START Supplied data

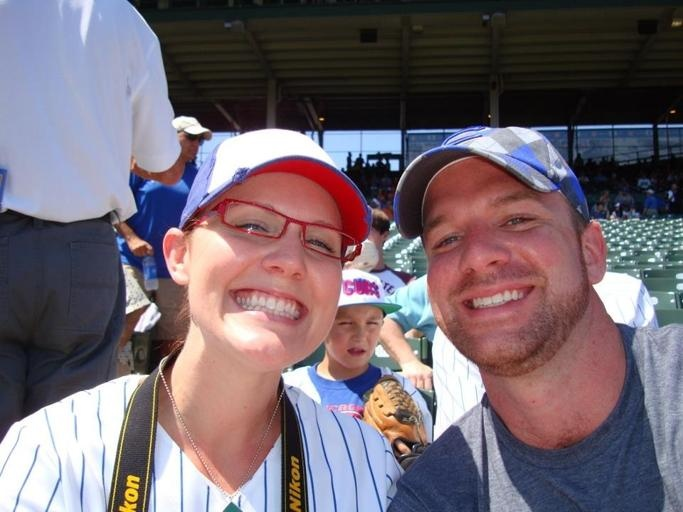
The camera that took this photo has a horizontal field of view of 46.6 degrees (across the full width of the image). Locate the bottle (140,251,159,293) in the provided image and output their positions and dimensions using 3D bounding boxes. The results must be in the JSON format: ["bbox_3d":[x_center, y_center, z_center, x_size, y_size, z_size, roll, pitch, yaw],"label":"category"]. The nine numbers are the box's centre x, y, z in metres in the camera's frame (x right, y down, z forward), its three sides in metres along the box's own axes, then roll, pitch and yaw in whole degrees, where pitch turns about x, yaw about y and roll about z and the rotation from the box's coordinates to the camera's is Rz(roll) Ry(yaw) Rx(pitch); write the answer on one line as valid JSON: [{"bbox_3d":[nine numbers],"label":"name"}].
[{"bbox_3d":[-1.379,0.105,5.638,0.107,0.415,0.121,-8,21,-29],"label":"bottle"}]

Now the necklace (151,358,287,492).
[{"bbox_3d":[-0.488,0.619,3.309,0.362,0.659,0.136,0,-5,-18],"label":"necklace"}]

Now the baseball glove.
[{"bbox_3d":[0.272,0.858,4.070,0.211,0.399,0.202,0,-39,-19],"label":"baseball glove"}]
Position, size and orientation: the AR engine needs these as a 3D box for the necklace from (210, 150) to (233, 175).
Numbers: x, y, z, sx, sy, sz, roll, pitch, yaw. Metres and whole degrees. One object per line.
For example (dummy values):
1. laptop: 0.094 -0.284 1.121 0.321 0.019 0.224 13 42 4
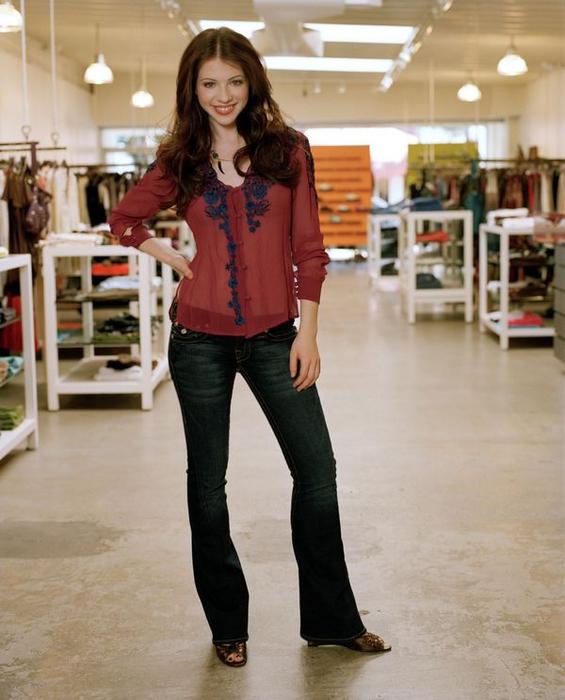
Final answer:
1. necklace: -0.116 -0.359 1.314 0.010 0.038 0.042 -27 -6 33

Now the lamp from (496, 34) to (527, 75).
1. lamp: 2.851 -3.618 8.426 0.352 0.488 0.508 1 9 17

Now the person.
1. person: -0.106 0.044 1.414 0.487 1.312 0.208 2 9 21

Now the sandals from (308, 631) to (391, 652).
1. sandals: 0.149 0.659 1.546 0.190 0.045 0.066 0 3 -2
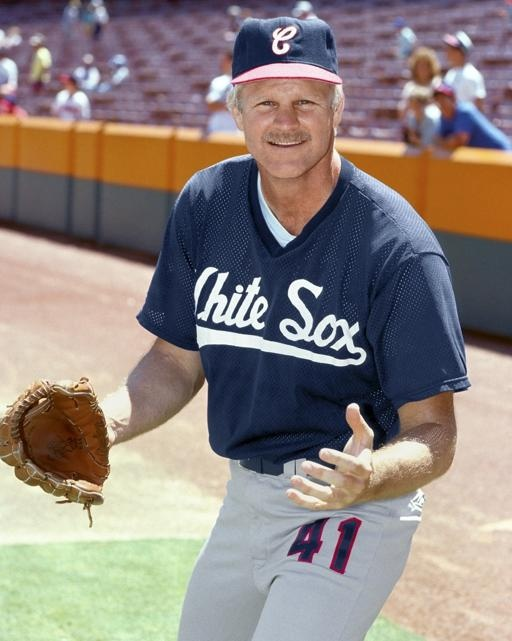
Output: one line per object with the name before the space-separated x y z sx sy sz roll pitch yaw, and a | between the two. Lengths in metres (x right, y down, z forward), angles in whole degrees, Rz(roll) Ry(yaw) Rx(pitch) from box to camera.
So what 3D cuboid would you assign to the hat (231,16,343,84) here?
hat | 0.063 -0.569 1.671 0.231 0.100 0.201 1 11 1
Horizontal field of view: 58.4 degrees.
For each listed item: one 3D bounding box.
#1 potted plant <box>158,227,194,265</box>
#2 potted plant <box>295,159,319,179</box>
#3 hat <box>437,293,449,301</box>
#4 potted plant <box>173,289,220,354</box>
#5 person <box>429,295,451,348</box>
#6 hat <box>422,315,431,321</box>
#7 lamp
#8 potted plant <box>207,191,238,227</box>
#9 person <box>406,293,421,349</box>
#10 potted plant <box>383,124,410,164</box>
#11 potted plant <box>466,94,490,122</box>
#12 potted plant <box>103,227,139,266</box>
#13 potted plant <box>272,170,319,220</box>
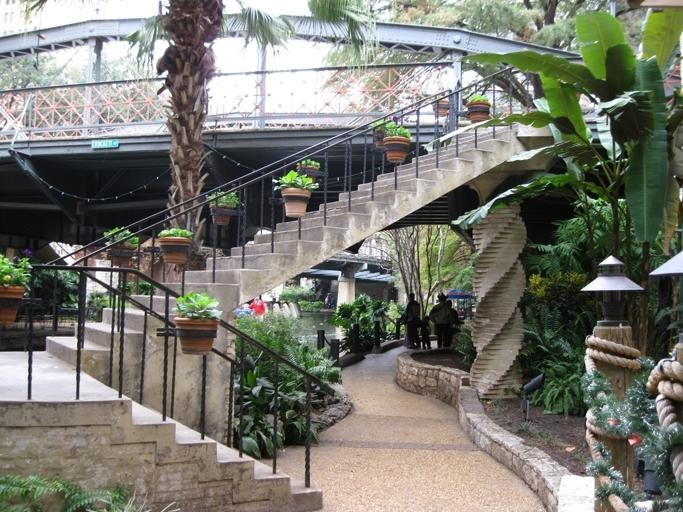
[{"bbox_3d":[-2.133,-0.127,7.855,0.392,0.426,0.379,3,1,-44],"label":"potted plant"},{"bbox_3d":[-0.476,-1.287,8.938,0.302,0.245,0.324,0,-4,-1],"label":"potted plant"},{"bbox_3d":[2.670,1.111,15.945,0.225,0.187,0.217,-2,3,-10],"label":"hat"},{"bbox_3d":[-1.486,0.724,6.365,0.495,0.611,0.507,2,-4,-24],"label":"potted plant"},{"bbox_3d":[2.669,1.709,16.154,0.523,1.148,1.076,1,0,5],"label":"person"},{"bbox_3d":[2.378,1.772,17.089,0.199,0.123,0.212,-3,3,13],"label":"hat"},{"bbox_3d":[2.265,0.302,5.116,0.472,0.590,0.495,3,-4,-23],"label":"lamp"},{"bbox_3d":[-1.909,-0.739,9.814,0.403,0.490,0.409,0,2,-36],"label":"potted plant"},{"bbox_3d":[1.933,1.762,16.312,0.396,1.156,1.119,1,0,7],"label":"person"},{"bbox_3d":[0.892,-1.788,9.887,0.419,0.545,0.429,2,-2,19],"label":"potted plant"},{"bbox_3d":[2.422,-2.574,10.791,0.396,0.423,0.383,1,0,13],"label":"potted plant"},{"bbox_3d":[-3.184,-0.053,8.871,0.438,0.499,0.446,-4,-2,36],"label":"potted plant"},{"bbox_3d":[-0.557,-0.810,8.186,0.508,0.471,0.512,-9,4,8],"label":"potted plant"}]
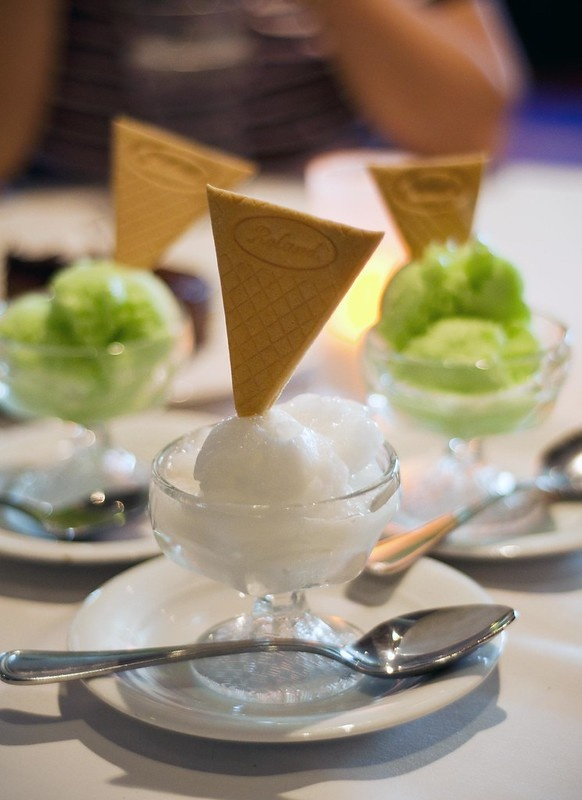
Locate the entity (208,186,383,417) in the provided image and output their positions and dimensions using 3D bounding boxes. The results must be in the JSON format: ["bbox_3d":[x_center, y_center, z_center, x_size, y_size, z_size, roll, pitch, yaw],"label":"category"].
[{"bbox_3d":[0.004,-0.068,0.610,0.114,0.140,0.112,-3,43,-4],"label":"entity"}]

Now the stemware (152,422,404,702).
[{"bbox_3d":[-0.003,0.134,0.673,0.206,0.134,0.182,2,4,16],"label":"stemware"}]

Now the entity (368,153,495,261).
[{"bbox_3d":[0.149,-0.208,0.900,0.150,0.112,0.110,-4,25,-3],"label":"entity"}]
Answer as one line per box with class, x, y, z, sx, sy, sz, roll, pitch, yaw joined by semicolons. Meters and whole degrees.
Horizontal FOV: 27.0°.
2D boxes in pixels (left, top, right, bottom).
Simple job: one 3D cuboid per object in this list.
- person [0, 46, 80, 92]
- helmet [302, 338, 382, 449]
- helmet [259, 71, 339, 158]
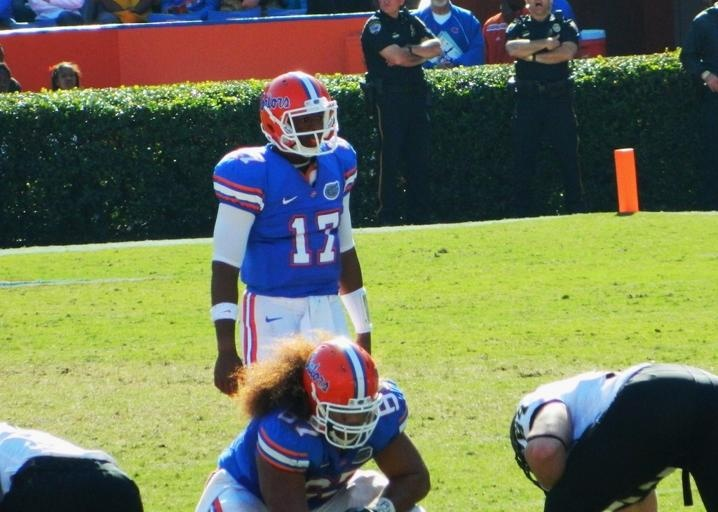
person;-3.405;-1.985;15.881;0.818;0.485;1.684;-5;7;-10
helmet;-0.123;0.815;9.403;0.453;0.533;0.645;-4;33;-34
helmet;-0.421;-0.968;10.048;0.459;0.562;0.595;-19;24;-41
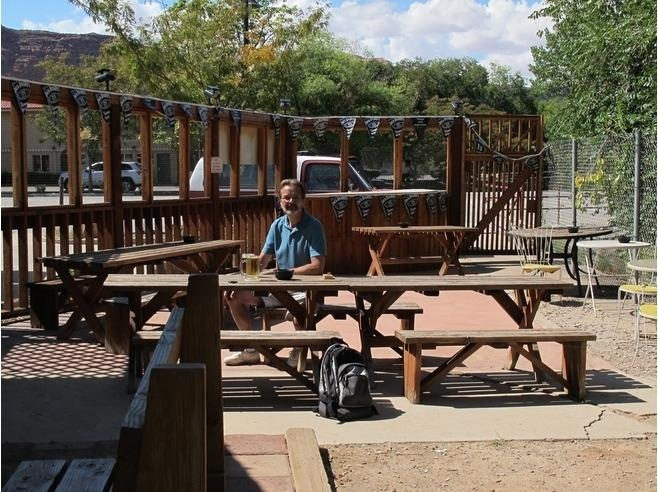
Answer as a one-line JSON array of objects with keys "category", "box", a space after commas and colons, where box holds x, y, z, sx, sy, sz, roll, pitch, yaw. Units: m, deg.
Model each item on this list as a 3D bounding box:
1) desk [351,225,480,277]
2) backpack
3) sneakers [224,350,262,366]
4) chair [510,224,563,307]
[{"category": "desk", "box": [1.456, 0.159, 11.517, 1.803, 0.964, 1.049, -1, 4, -9]}, {"category": "backpack", "box": [0.125, 1.095, 5.499, 0.465, 0.653, 0.323, 6, -15, -38]}, {"category": "sneakers", "box": [-0.841, 1.109, 6.727, 0.416, 0.208, 0.153, 1, -1, -11]}, {"category": "chair", "box": [3.140, 0.288, 10.227, 0.799, 1.081, 0.766, -2, 8, -38]}]
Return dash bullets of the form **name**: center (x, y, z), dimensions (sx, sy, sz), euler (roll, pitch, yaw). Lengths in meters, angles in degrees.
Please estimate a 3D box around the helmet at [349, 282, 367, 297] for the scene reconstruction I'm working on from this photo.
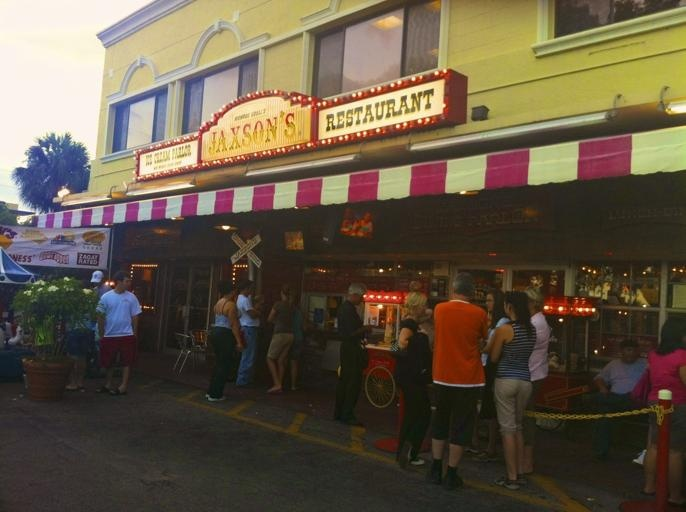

END Supplied data

- Work request -
What you return must match the records letter for letter, except that the pictures stay out.

- Solution below -
The camera that took this photo has a horizontal field of view of 46.6 degrees (across the full width of the image). Locate the bottle (140,251,159,293) in the provided image and output their positions and dimensions using 3D bounding boxes. The results must be in the JSON format: ["bbox_3d":[x_center, y_center, z_center, x_size, y_size, z_size, roll, pitch, yaw],"label":"category"]. The nine numbers are the box's centre x, y, z in metres in the camera's frame (x right, y down, z forward), its three sides in metres along the box's own axes, then roll, pitch and yaw in whole degrees, where pitch turns about x, yaw about y and roll about z and the rotation from the box's coordinates to the camera's is Rz(roll) Ry(yaw) Rx(pitch); write the answer on one line as valid JSON: [{"bbox_3d":[nine numbers],"label":"name"}].
[{"bbox_3d":[-1.379,0.105,5.638,0.107,0.415,0.121,-8,21,-29],"label":"bottle"}]

Now the necklace (151,358,287,492).
[{"bbox_3d":[-0.488,0.619,3.309,0.362,0.659,0.136,0,-5,-18],"label":"necklace"}]

Now the baseball glove.
[{"bbox_3d":[0.272,0.858,4.070,0.211,0.399,0.202,0,-39,-19],"label":"baseball glove"}]
Position, size and orientation: the AR engine needs these as a 3D box for the necklace from (210, 150) to (233, 175).
Numbers: x, y, z, sx, sy, sz, roll, pitch, yaw. Metres and whole degrees. One object per line.
For example (dummy values):
1. laptop: 0.094 -0.284 1.121 0.321 0.019 0.224 13 42 4
Final answer:
1. necklace: -0.116 -0.359 1.314 0.010 0.038 0.042 -27 -6 33

Now the lamp from (496, 34) to (527, 75).
1. lamp: 2.851 -3.618 8.426 0.352 0.488 0.508 1 9 17

Now the person.
1. person: -0.106 0.044 1.414 0.487 1.312 0.208 2 9 21

Now the sandals from (308, 631) to (391, 652).
1. sandals: 0.149 0.659 1.546 0.190 0.045 0.066 0 3 -2
Output: one line per object with the name before the space-separated x y z sx sy sz roll pitch yaw, and a | between the two. Lengths in metres (x right, y down, z forward), angles in whole degrees, Rz(roll) Ry(yaw) Rx(pitch) from box to camera.
So what 3D cuboid would you assign to the hat (231,16,343,84) here?
hat | 0.063 -0.569 1.671 0.231 0.100 0.201 1 11 1
Horizontal field of view: 58.4 degrees.
For each listed item: one 3D bounding box.
#1 potted plant <box>158,227,194,265</box>
#2 potted plant <box>295,159,319,179</box>
#3 hat <box>437,293,449,301</box>
#4 potted plant <box>173,289,220,354</box>
#5 person <box>429,295,451,348</box>
#6 hat <box>422,315,431,321</box>
#7 lamp
#8 potted plant <box>207,191,238,227</box>
#9 person <box>406,293,421,349</box>
#10 potted plant <box>383,124,410,164</box>
#11 potted plant <box>466,94,490,122</box>
#12 potted plant <box>103,227,139,266</box>
#13 potted plant <box>272,170,319,220</box>
[{"bbox_3d":[-2.133,-0.127,7.855,0.392,0.426,0.379,3,1,-44],"label":"potted plant"},{"bbox_3d":[-0.476,-1.287,8.938,0.302,0.245,0.324,0,-4,-1],"label":"potted plant"},{"bbox_3d":[2.670,1.111,15.945,0.225,0.187,0.217,-2,3,-10],"label":"hat"},{"bbox_3d":[-1.486,0.724,6.365,0.495,0.611,0.507,2,-4,-24],"label":"potted plant"},{"bbox_3d":[2.669,1.709,16.154,0.523,1.148,1.076,1,0,5],"label":"person"},{"bbox_3d":[2.378,1.772,17.089,0.199,0.123,0.212,-3,3,13],"label":"hat"},{"bbox_3d":[2.265,0.302,5.116,0.472,0.590,0.495,3,-4,-23],"label":"lamp"},{"bbox_3d":[-1.909,-0.739,9.814,0.403,0.490,0.409,0,2,-36],"label":"potted plant"},{"bbox_3d":[1.933,1.762,16.312,0.396,1.156,1.119,1,0,7],"label":"person"},{"bbox_3d":[0.892,-1.788,9.887,0.419,0.545,0.429,2,-2,19],"label":"potted plant"},{"bbox_3d":[2.422,-2.574,10.791,0.396,0.423,0.383,1,0,13],"label":"potted plant"},{"bbox_3d":[-3.184,-0.053,8.871,0.438,0.499,0.446,-4,-2,36],"label":"potted plant"},{"bbox_3d":[-0.557,-0.810,8.186,0.508,0.471,0.512,-9,4,8],"label":"potted plant"}]
Locate the entity (208,186,383,417) in the provided image and output their positions and dimensions using 3D bounding boxes. The results must be in the JSON format: ["bbox_3d":[x_center, y_center, z_center, x_size, y_size, z_size, roll, pitch, yaw],"label":"category"].
[{"bbox_3d":[0.004,-0.068,0.610,0.114,0.140,0.112,-3,43,-4],"label":"entity"}]

Now the stemware (152,422,404,702).
[{"bbox_3d":[-0.003,0.134,0.673,0.206,0.134,0.182,2,4,16],"label":"stemware"}]

Now the entity (368,153,495,261).
[{"bbox_3d":[0.149,-0.208,0.900,0.150,0.112,0.110,-4,25,-3],"label":"entity"}]
Answer as one line per box with class, x, y, z, sx, sy, sz, roll, pitch, yaw joined by semicolons. Meters and whole degrees.
Horizontal FOV: 27.0°.
2D boxes in pixels (left, top, right, bottom).
Simple job: one 3D cuboid per object in this list.
- person [0, 46, 80, 92]
- helmet [302, 338, 382, 449]
- helmet [259, 71, 339, 158]
person;-3.405;-1.985;15.881;0.818;0.485;1.684;-5;7;-10
helmet;-0.123;0.815;9.403;0.453;0.533;0.645;-4;33;-34
helmet;-0.421;-0.968;10.048;0.459;0.562;0.595;-19;24;-41
Answer as a one-line JSON array of objects with keys "category", "box", a space after commas and colons, where box holds x, y, z, sx, sy, sz, roll, pitch, yaw. Units: m, deg.
Model each item on this list as a 3D bounding box:
1) desk [351,225,480,277]
2) backpack
3) sneakers [224,350,262,366]
4) chair [510,224,563,307]
[{"category": "desk", "box": [1.456, 0.159, 11.517, 1.803, 0.964, 1.049, -1, 4, -9]}, {"category": "backpack", "box": [0.125, 1.095, 5.499, 0.465, 0.653, 0.323, 6, -15, -38]}, {"category": "sneakers", "box": [-0.841, 1.109, 6.727, 0.416, 0.208, 0.153, 1, -1, -11]}, {"category": "chair", "box": [3.140, 0.288, 10.227, 0.799, 1.081, 0.766, -2, 8, -38]}]
Return dash bullets of the form **name**: center (x, y, z), dimensions (sx, sy, sz), euler (roll, pitch, yaw). Lengths in meters, angles in degrees.
Please estimate a 3D box around the helmet at [349, 282, 367, 297] for the scene reconstruction I'm working on from this photo.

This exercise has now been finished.